Semua terlihat sederhana. Namun local file handling adalah salah satu area paling sering menyebabkan bug production karena developer menganggap disk lokal itu:
- selalu tersedia;
- selalu cukup besar;
- selalu aman;
- selalu private;
- selalu cepat;
- selalu punya permission benar;
- selalu bersih setelah proses selesai;
- selalu bertahan selama request berjalan.
Asumsi itu salah, terutama di container dan Kubernetes.
1. Core Mental Model
Local filesystem di microservice harus diperlakukan sebagai bounded scratch space.
Local disk is a temporary execution resource, not a durable business resource.
Artinya:
- boleh dipakai untuk staging;
- boleh dipakai untuk buffering;
- boleh dipakai untuk transformasi sementara;
- boleh dipakai untuk cache yang bisa dibuang;
- tidak boleh menjadi satu-satunya source of truth;
- tidak boleh menyimpan state correctness-critical tanpa recovery path;
- tidak boleh menyimpan secret/raw evidence lebih lama dari kebutuhan;
- tidak boleh tumbuh tanpa quota;
- tidak boleh bergantung pada cleanup manual.
Kita ingin desain yang menjawab:
Jika pod mati di tengah operasi file, invariant apa yang tetap benar?
Jika disk penuh, service gagal dengan cara apa?
Jika upload malicious mencoba path traversal, apa yang melindungi sistem?
Jika cleanup tidak jalan selama 6 jam, apa blast radius-nya?
2. Local File Handling Categories
Tidak semua local file sama. Klasifikasikan dulu.
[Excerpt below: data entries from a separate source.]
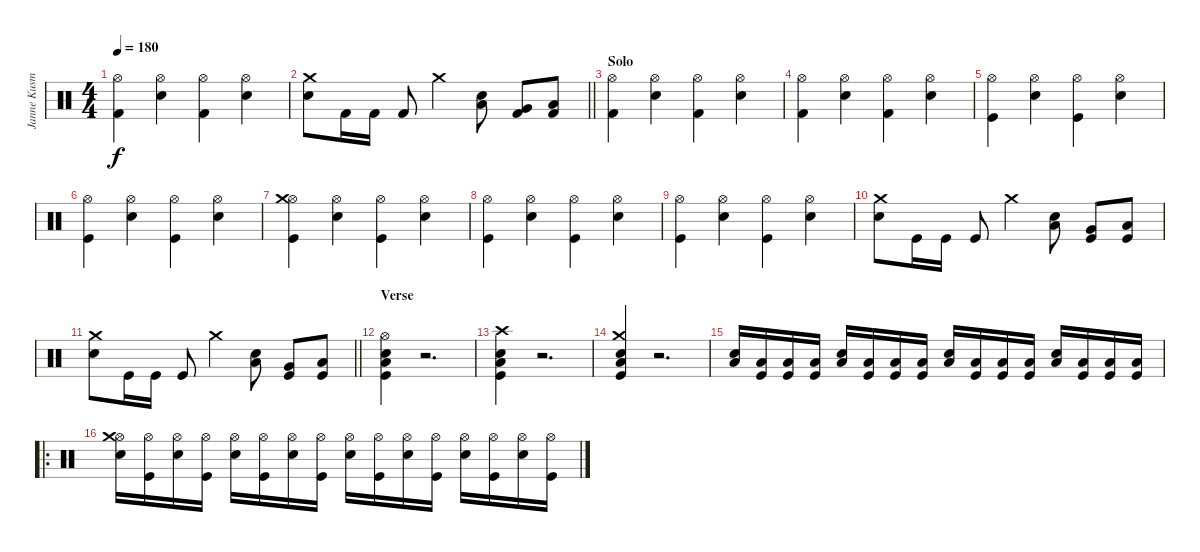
\track ("Janne Kusmin" "Janne Kusm") {instrument percussion}
\staff {score}
\articulation defaults
\ts (4 4)
\tempo 180
\clef neutral
\ks c
("Kick (hit) 2" "Hi-Hat (open)").4{dy f} ("Electric Snare (hit)" "Hi-Hat (open)").4 ("Kick (hit) 2" "Hi-Hat (open)").4 ("Electric Snare (hit)" "Hi-Hat (open)").4 |
\barLineRight lightlight
("Electric Snare (hit)" "Crash medium (hit)").8 "Kick (hit) 2".16 "Kick (hit) 2".16 "Kick (hit) 2".8 "Crash medium (hit)".4 ("Electric Snare (hit)" "Low Tom (hit)").8 ("Kick (hit) 2" "Very Low Tom (hit)").8 ("Kick (hit) 2" "Low Floor Tom (hit)").8 |
\section ("" "Solo")
("Kick (hit) 2" "Hi-Hat (open)").4 ("Electric Snare (hit)" "Hi-Hat (open)").4 ("Kick (hit) 2" "Hi-Hat (open)").4 ("Electric Snare (hit)" "Hi-Hat (open)").4 |
("Kick (hit) 2" "Hi-Hat (open)").4 ("Electric Snare (hit)" "Hi-Hat (open)").4 ("Kick (hit) 2" "Hi-Hat (open)").4 ("Electric Snare (hit)" "Hi-Hat (open)").4 |
("Kick (hit)" "Hi-Hat (open)").4 ("Electric Snare (hit)" "Hi-Hat (open)").4 ("Kick (hit)" "Hi-Hat (open)").4 ("Electric Snare (hit)" "Hi-Hat (open)").4 |
("Kick (hit)" "Hi-Hat (open)").4 ("Electric Snare (hit)" "Hi-Hat (open)").4 ("Kick (hit)" "Hi-Hat (open)").4 ("Electric Snare (hit)" "Hi-Hat (open)").4 |
("Kick (hit)" "Hi-Hat (open)" "Crash medium (hit)").4 ("Electric Snare (hit)" "Hi-Hat (open)").4 ("Kick (hit)" "Hi-Hat (open)").4 ("Electric Snare (hit)" "Hi-Hat (open)").4 |
("Kick (hit)" "Hi-Hat (open)").4 ("Electric Snare (hit)" "Hi-Hat (open)").4 ("Kick (hit)" "Hi-Hat (open)").4 ("Electric Snare (hit)" "Hi-Hat (open)").4 |
("Kick (hit)" "Hi-Hat (open)").4 ("Electric Snare (hit)" "Hi-Hat (open)").4 ("Kick (hit)" "Hi-Hat (open)").4 ("Electric Snare (hit)" "Hi-Hat (open)").4 |
("Electric Snare (hit)" "Crash medium (hit)").8 "Kick (hit)".16 "Kick (hit)".16 "Kick (hit)".8 "Crash medium (hit)".4 ("Electric Snare (hit)" "Low Tom (hit)").8 ("Kick (hit)" "Very Low Tom (hit)").8 ("Kick (hit)" "Low Floor Tom (hit)").8 |
\barLineRight lightlight
("Electric Snare (hit)" "Crash medium (hit)").8 "Kick (hit)".16 "Kick (hit)".16 "Kick (hit)".8 "Crash medium (hit)".4 ("Electric Snare (hit)" "Low Tom (hit)").8 ("Kick (hit)" "Very Low Tom (hit)").8 ("Kick (hit)" "Low Floor Tom (hit)").8 |
\section ("" "Verse")
("Kick (hit)" "Low Tom (hit)" "Electric Snare (hit)" "Hi-Hat (open)").4 r.2{d} |
("Kick (hit)" "Low Tom (hit)" "Electric Snare (hit)" "Crash high (hit)").4 r.2{d} |
("Kick (hit)" "Low Tom (hit)" "Electric Snare (hit)" "Crash medium (hit)").4 r.2{d} |
("Electric Snare (hit)" "Low Floor Tom (hit)").16 ("Kick (hit)" "Low Floor Tom (hit)").16 ("Kick (hit)" "Low Floor Tom (hit)").16 ("Kick (hit)" "Low Floor Tom (hit)").16 ("Electric Snare (hit)" "Low Floor Tom (hit)").16 ("Kick (hit)" "Low Floor Tom (hit)").16 ("Kick (hit)" "Low Floor Tom (hit)").16 ("Kick (hit)" "Low Floor Tom (hit)").16 ("Electric Snare (hit)" "Low Floor Tom (hit)").16 ("Kick (hit)" "Low Floor Tom (hit)").16 ("Kick (hit)" "Low Floor Tom (hit)").16 ("Kick (hit)" "Low Floor Tom (hit)").16 ("Electric Snare (hit)" "Low Floor Tom (hit)").16 ("Kick (hit)" "Low Floor Tom (hit)").16 ("Kick (hit)" "Low Floor Tom (hit)").16 ("Kick (hit)" "Low Floor Tom (hit)").16 |
\ro
("Electric Snare (hit)" "Hi-Hat (open)" "Crash medium (hit)").16 ("Kick (hit)" "Hi-Hat (open)").16 ("Electric Snare (hit)" "Hi-Hat (open)").16 ("Kick (hit)" "Hi-Hat (open)").16 ("Electric Snare (hit)" "Hi-Hat (open)").16 ("Kick (hit)" "Hi-Hat (open)").16 ("Electric Snare (hit)" "Hi-Hat (open)").16 ("Kick (hit)" "Hi-Hat (open)").16 ("Electric Snare (hit)" "Hi-Hat (open)").16 ("Kick (hit)" "Hi-Hat (open)").16 ("Electric Snare (hit)" "Hi-Hat (open)").16 ("Kick (hit)" "Hi-Hat (open)").16 ("Electric Snare (hit)" "Hi-Hat (open)").16 ("Kick (hit)" "Hi-Hat (open)").16 ("Electric Snare (hit)" "Hi-Hat (open)").16 ("Kick (hit)" "Hi-Hat (open)").16

| Category | Contoh | Risk | Boleh Durable? |
|---|---|---|---|
| Request temp | multipart upload staging | disk pressure, partial file | No |
| Transformation temp | PDF render, image resize, unzip | data leak, runaway extraction | No |
| Worker scratch | chunk processing, intermediate sort | retry inconsistency | No, unless checkpointed elsewhere |
| Local cache | downloaded reference data | stale value | Bisa, jika disposable |
| Mounted config | ConfigMap volume | drift, reload semantics | Source external |
| Mounted secret | Secret volume | leak, permission | Source external |
| Embedded resource extraction | native lib, template | permission, cleanup | No |
| Operational lock | leader lock file | split brain if misused | Avoid for distributed lock |
| Persistent local volume | PVC/local PV | node affinity, recovery | Only with explicit design |
Rule pertama:
Sebelum menulis file, tentukan apakah file itu scratch, cache, mounted input, atau durable artifact.
Jika jawabannya tidak jelas, desainnya belum siap.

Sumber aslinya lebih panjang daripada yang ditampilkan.